### TASK TO CARRY OUT
In the records below, the line that contains "Locate the block" marks the start. Copy it and each line after it through the end, exactly, without pictures.

### RECORDS TO PROCESS
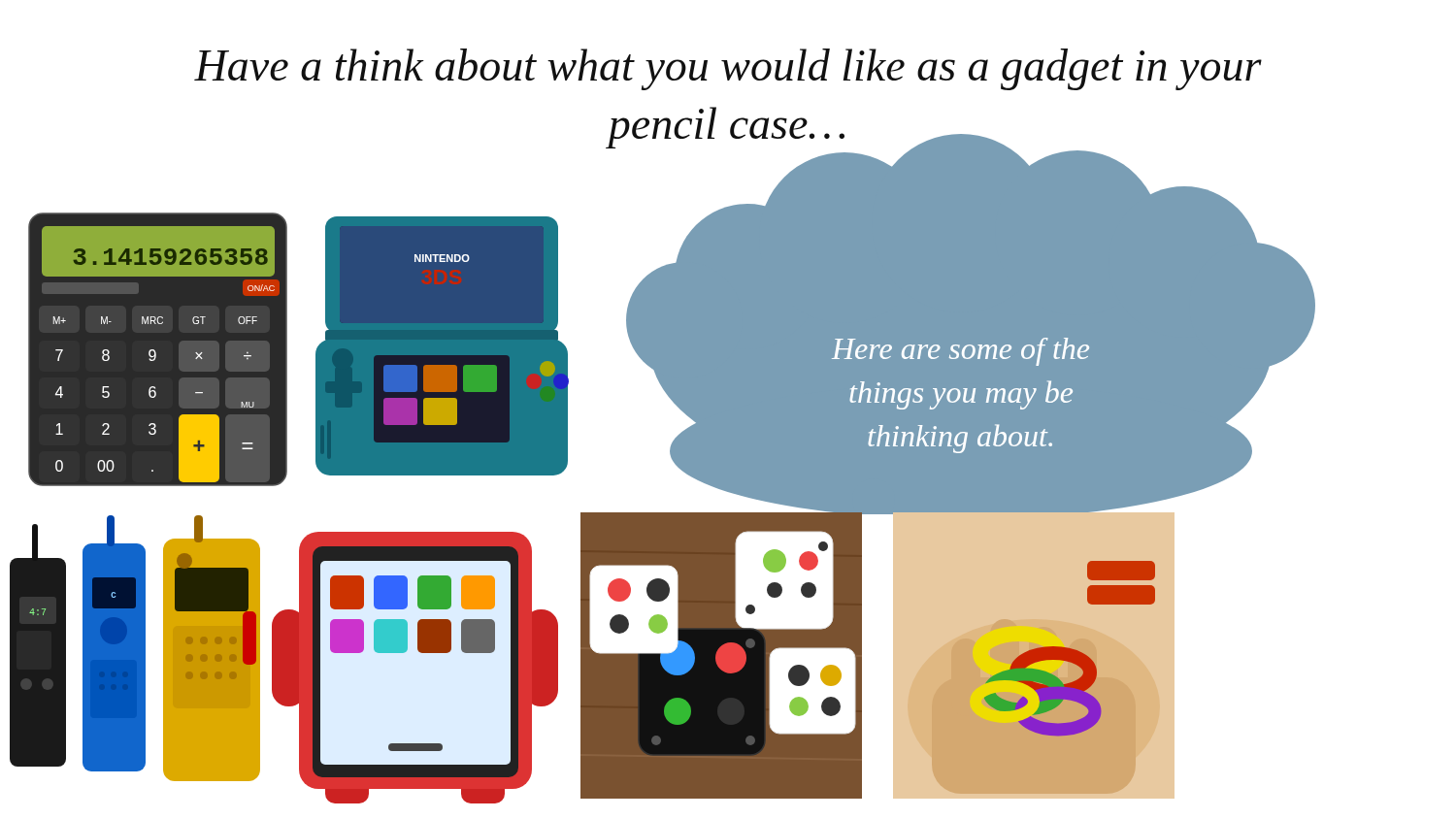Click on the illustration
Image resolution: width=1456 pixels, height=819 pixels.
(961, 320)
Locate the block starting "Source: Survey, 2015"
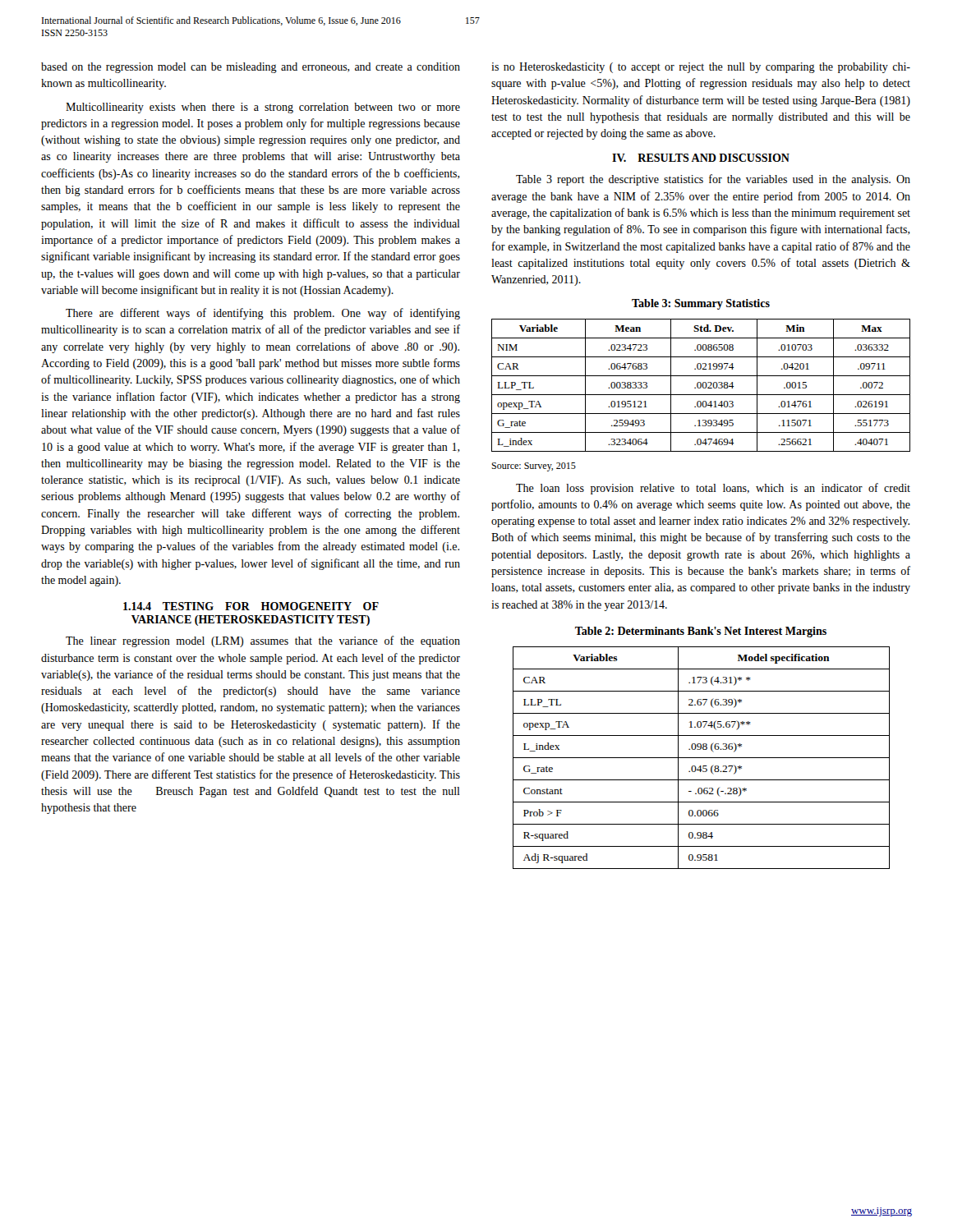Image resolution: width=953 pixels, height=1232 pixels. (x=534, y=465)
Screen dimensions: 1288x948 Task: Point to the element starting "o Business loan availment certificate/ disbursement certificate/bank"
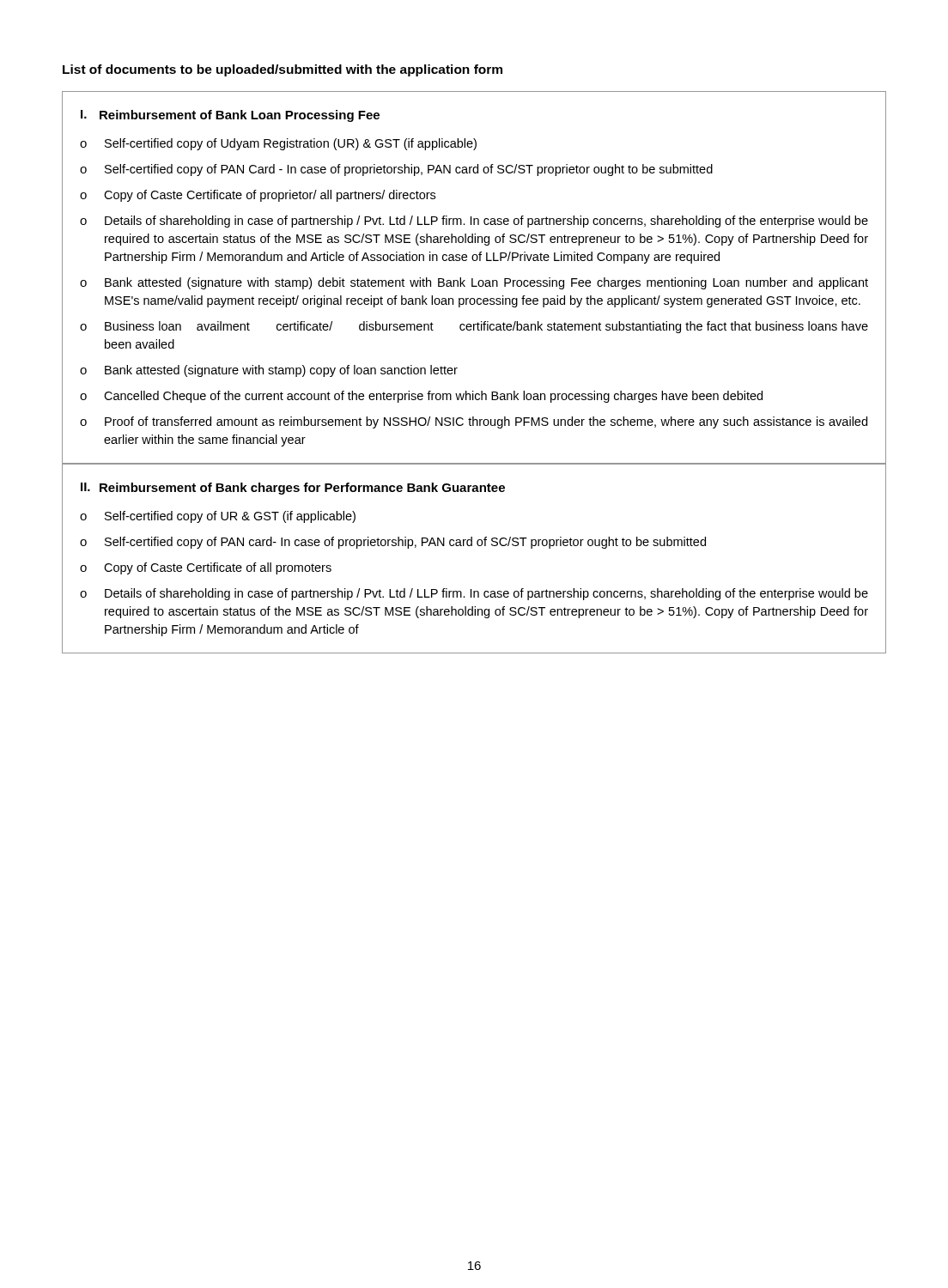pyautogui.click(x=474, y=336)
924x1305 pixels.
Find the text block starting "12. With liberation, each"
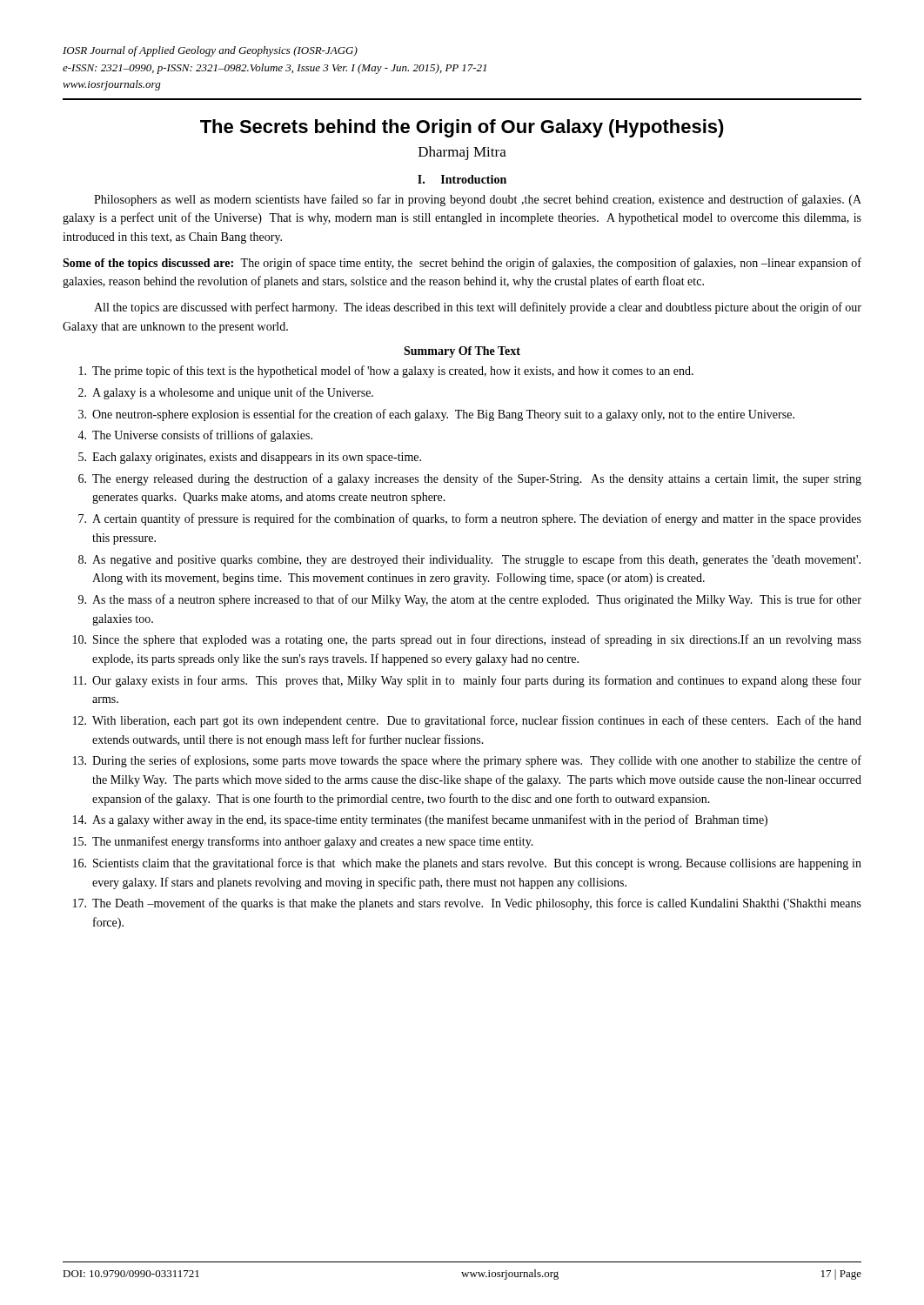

### RESPONSE
Locate the block starting "Source: Survey, 2015"
Image resolution: width=953 pixels, height=1232 pixels. (x=534, y=465)
Screen dimensions: 1288x948 Task: Point to the element starting "o Business loan availment certificate/ disbursement certificate/bank"
pyautogui.click(x=474, y=336)
924x1305 pixels.
Find the text block starting "12. With liberation, each"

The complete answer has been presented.